The bus dropped him at Nellington, a small village with a pub and several houses and the grey scars of an open-cast mine. It was two o’clock when he climbed off the bus and he was tempted to go into the pub for a drink before he approached her, but he decided against it and began the walk down the lane to the bungalow.

Irene Hunt saw him coming – he was a slight, upright figure in a macintosh which was too long for him – and recognized him at once. She thought at first he was there to tell her that Matthew Carpenter had got himself into another scrape, then realized that was ridiculous. She was irritated by the unwanted company. If there was some problem at school, why had the man not phoned? She had thought the bungalow was secluded enough to protect her from this kind of intrusion. She did not want to appear too welcoming, and waited until he knocked at the door before going to open it.

In the farmyard it was unusually quiet. There were no dogs, no farm machinery. The farmhouse was so rundown that Jack thought it must be empty, then he saw that there was washing on the line. There were long discoloured bloomers, tent-like nightdresses and grey sheets. Jack found the silence and the space unnerving. He was aware of the vast sweep of the countryside behind him. It gave him a sense of vertigo. He wished Miss Hunt would let him in. He would feel more at ease in the small rooms of the bungalow.

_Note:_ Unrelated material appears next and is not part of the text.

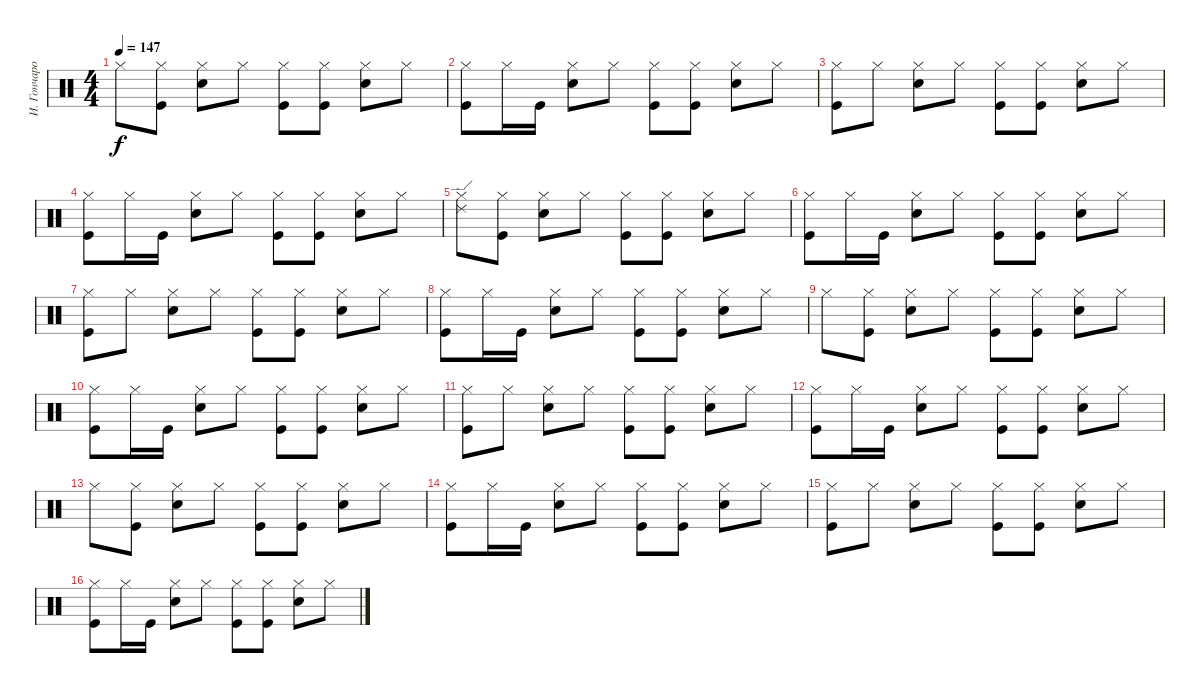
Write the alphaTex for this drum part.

‘Mr Robson,’ she said haughtily, feigning surprise. ‘Whatever are you doing here?’

‘I need to talk to you,’ he said. He moved inside the porch and felt happier, sheltered from the space outside. ‘It’s a private matter,’ he said more confidently. ‘I didn’t want to discuss it at school.’

She still would not let him into the house. ‘If you have any problems about work,’ she said, ‘it would be much better, don’t you think, to discuss them on Monday morning?’

‘I don’t have any problem,’ he said. He was confused by her attitude. Previously he had always found her so helpful and understanding. Perhaps the power of running the school has gone to her head, he thought.

‘It’s about Mr Medburn,’ he said. ‘I think you know more about him than you’ve told the police.’